[Records from a dataset]
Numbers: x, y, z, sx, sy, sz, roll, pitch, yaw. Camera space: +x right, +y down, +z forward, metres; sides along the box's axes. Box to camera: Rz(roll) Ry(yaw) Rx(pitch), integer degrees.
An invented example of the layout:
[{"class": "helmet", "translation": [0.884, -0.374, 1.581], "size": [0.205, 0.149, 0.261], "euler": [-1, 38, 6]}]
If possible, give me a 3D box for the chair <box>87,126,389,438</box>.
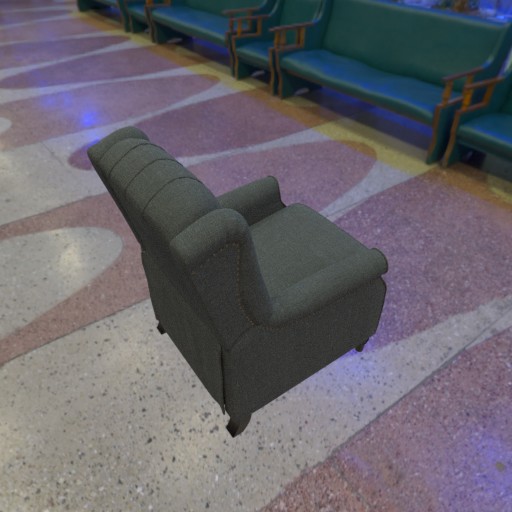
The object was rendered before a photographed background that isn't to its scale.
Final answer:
[{"class": "chair", "translation": [0.000, 0.000, 1.707], "size": [0.898, 1.035, 0.742], "euler": [-25, 46, -26]}]
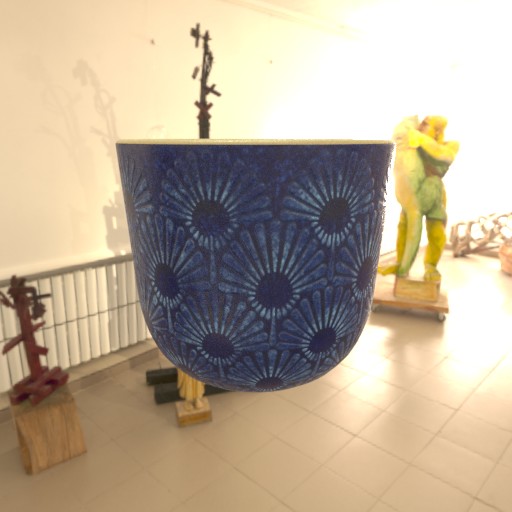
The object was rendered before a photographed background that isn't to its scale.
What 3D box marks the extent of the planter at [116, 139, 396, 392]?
[{"bbox_3d":[0.000,0.000,0.299,0.170,0.153,0.170,0,15,0],"label":"planter"}]
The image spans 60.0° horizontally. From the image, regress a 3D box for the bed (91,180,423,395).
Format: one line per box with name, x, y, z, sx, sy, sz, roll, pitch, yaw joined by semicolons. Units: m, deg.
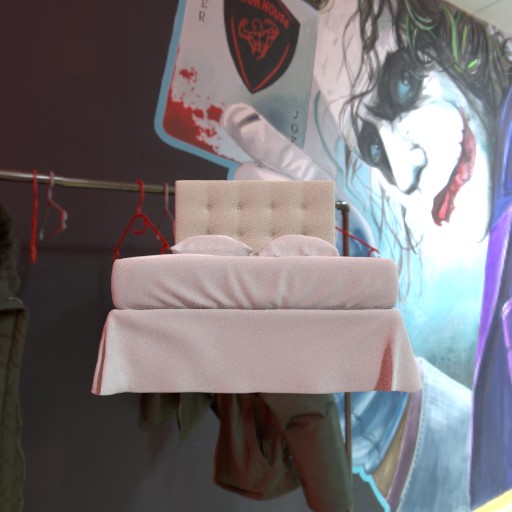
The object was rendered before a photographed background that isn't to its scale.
bed;0.000;0.000;3.505;1.936;1.577;2.222;0;-1;0
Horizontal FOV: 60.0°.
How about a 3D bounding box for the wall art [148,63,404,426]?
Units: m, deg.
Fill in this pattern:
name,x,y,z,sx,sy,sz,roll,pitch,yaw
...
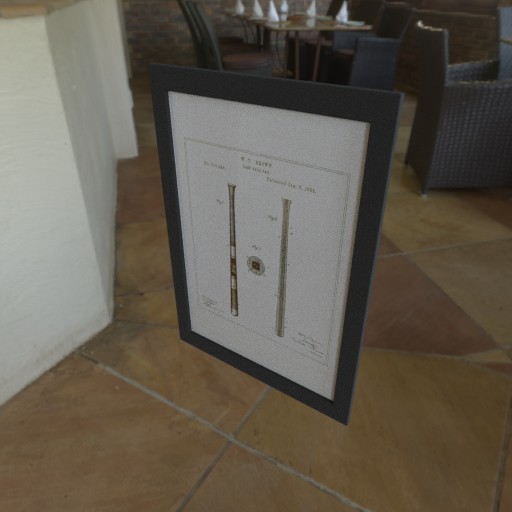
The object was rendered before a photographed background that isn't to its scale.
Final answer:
name,x,y,z,sx,sy,sz,roll,pitch,yaw
wall art,0.000,0.000,0.693,0.374,0.529,0.012,20,37,29
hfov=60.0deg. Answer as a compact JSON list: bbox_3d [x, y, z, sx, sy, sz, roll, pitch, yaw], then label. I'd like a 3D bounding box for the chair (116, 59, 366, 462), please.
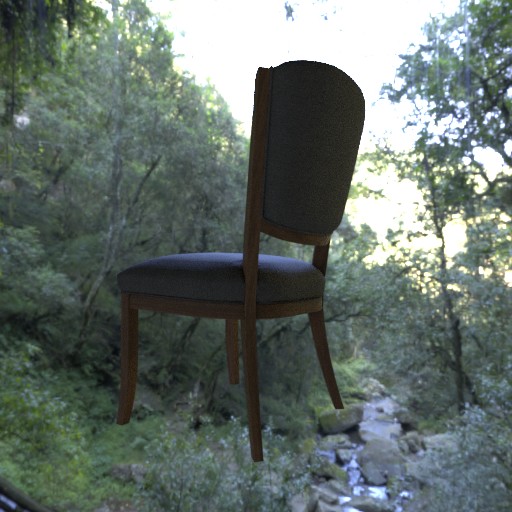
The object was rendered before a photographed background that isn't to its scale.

* Exercise brief
Between and including the line above that contains "An invented example" and the line that contains "Horizontal FOV: 60.0°.", restate every line word for word. Pictures stay out.

* Exercise answer
An invented example of the layout:
[{"class": "helmet", "translation": [0.884, -0.374, 1.581], "size": [0.205, 0.149, 0.261], "euler": [-1, 38, 6]}]
If possible, give me a 3D box for the chair <box>87,126,389,438</box>.
The object was rendered before a photographed background that isn't to its scale.
Final answer:
[{"class": "chair", "translation": [0.000, 0.000, 1.707], "size": [0.898, 1.035, 0.742], "euler": [-25, 46, -26]}]
The object was rendered before a photographed background that isn't to its scale.
What 3D box marks the extent of the planter at [116, 139, 396, 392]?
[{"bbox_3d":[0.000,0.000,0.299,0.170,0.153,0.170,0,15,0],"label":"planter"}]
The image spans 60.0° horizontally. From the image, regress a 3D box for the bed (91,180,423,395).
Format: one line per box with name, x, y, z, sx, sy, sz, roll, pitch, yaw joined by semicolons. Units: m, deg.
The object was rendered before a photographed background that isn't to its scale.
bed;0.000;0.000;3.505;1.936;1.577;2.222;0;-1;0
Horizontal FOV: 60.0°.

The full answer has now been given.